Mme Aylard : Nous avons différentes façons d'établir des priorités de recherche selon le genre de financement appliqué. Lorsque nous utilisons nos propres fonds, ceux du ministère, nous pouvons établir les priorités de recherche et mettre l'accent sur une de nos priorités parmi les sept que nous avons au sein du ministère et nous avons notre mot à dire sur la façon dont l'argent sera dépensé. Dans d'autres cas, le financement de la recherche est plutôt axé sur les priorités de l'industrie.

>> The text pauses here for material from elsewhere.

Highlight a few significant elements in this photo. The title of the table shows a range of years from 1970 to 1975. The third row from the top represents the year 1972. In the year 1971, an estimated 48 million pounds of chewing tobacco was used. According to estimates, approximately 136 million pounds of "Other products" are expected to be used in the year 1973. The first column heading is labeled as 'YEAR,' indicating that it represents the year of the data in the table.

J'ai mentionné le programme des grappes et celui du DPAI, par exemple, qui sont des programmes fondés sur des propositions. Donc, l'industrie travaille dans le but d'établir un programme de recherche qui répond à ses besoins. Ensuite, elle essaie de mener à bien ces priorités et les dépenses comprennent de la recherche qui sera faite au sein du ministère.

En outre, dans le programme actuel Cultivons l'avenir, par exemple, nous avons établi plusieurs priorités pour les domaines de recherche dont nous avons parlé aujourd'hui, tels que la recherche sur les maladies, sur la santé des animaux et des plantes, qui sont déterminés par le gouvernement. Il y a une combinaison de tout cela. Pour ce qui est de la question du pourcentage, je vais demander à M. Saindon de répondre.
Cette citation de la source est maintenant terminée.